**Work to be completed:**
The result should be an exact copy of every record, with no pictures kept.

**Extracted data entries:**
----

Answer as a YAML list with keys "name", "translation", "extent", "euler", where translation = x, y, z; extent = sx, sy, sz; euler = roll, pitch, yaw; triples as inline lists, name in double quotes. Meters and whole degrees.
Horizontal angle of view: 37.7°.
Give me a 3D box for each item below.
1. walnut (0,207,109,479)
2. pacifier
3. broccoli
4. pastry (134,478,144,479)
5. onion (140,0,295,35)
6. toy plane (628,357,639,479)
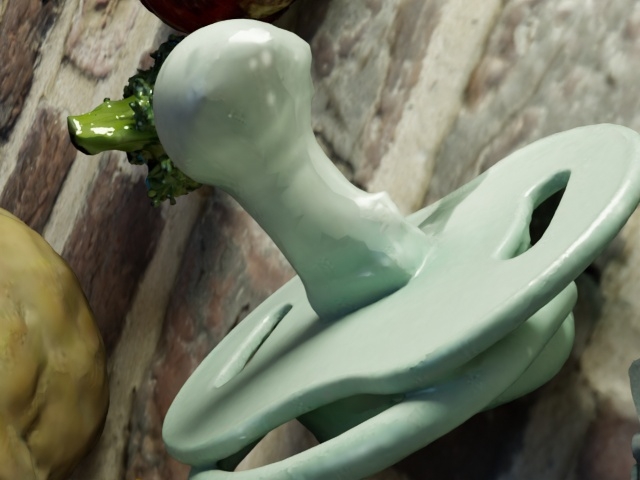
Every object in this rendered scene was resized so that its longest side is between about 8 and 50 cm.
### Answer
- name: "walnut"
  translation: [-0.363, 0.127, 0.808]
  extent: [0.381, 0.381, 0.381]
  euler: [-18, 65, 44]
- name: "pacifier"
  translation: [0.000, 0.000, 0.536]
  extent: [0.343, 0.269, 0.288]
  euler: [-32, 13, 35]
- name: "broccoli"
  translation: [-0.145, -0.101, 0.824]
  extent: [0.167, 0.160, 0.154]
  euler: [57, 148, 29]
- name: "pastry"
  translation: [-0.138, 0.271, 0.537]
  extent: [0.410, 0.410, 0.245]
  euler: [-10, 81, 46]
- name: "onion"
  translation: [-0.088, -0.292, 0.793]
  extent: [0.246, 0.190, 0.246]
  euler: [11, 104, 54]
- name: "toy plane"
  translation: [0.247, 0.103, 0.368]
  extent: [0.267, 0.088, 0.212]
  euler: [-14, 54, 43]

----

**Output of the task:**
Answer as a YAML list with keys "name", "translation", "extent", "euler", where translation = x, y, z; extent = sx, sy, sz; euler = roll, pitch, yaw; triples as inline lists, name in double quotes. Meters and whole degrees.
Horizontal angle of view: 37.7°.
Give me a 3D box for each item below.
1. walnut (0,207,109,479)
2. pacifier
3. broccoli
4. pastry (134,478,144,479)
5. onion (140,0,295,35)
6. toy plane (628,357,639,479)
Every object in this rendered scene was resized so that its longest side is between about 8 and 50 cm.
### Answer
- name: "walnut"
  translation: [-0.363, 0.127, 0.808]
  extent: [0.381, 0.381, 0.381]
  euler: [-18, 65, 44]
- name: "pacifier"
  translation: [0.000, 0.000, 0.536]
  extent: [0.343, 0.269, 0.288]
  euler: [-32, 13, 35]
- name: "broccoli"
  translation: [-0.145, -0.101, 0.824]
  extent: [0.167, 0.160, 0.154]
  euler: [57, 148, 29]
- name: "pastry"
  translation: [-0.138, 0.271, 0.537]
  extent: [0.410, 0.410, 0.245]
  euler: [-10, 81, 46]
- name: "onion"
  translation: [-0.088, -0.292, 0.793]
  extent: [0.246, 0.190, 0.246]
  euler: [11, 104, 54]
- name: "toy plane"
  translation: [0.247, 0.103, 0.368]
  extent: [0.267, 0.088, 0.212]
  euler: [-14, 54, 43]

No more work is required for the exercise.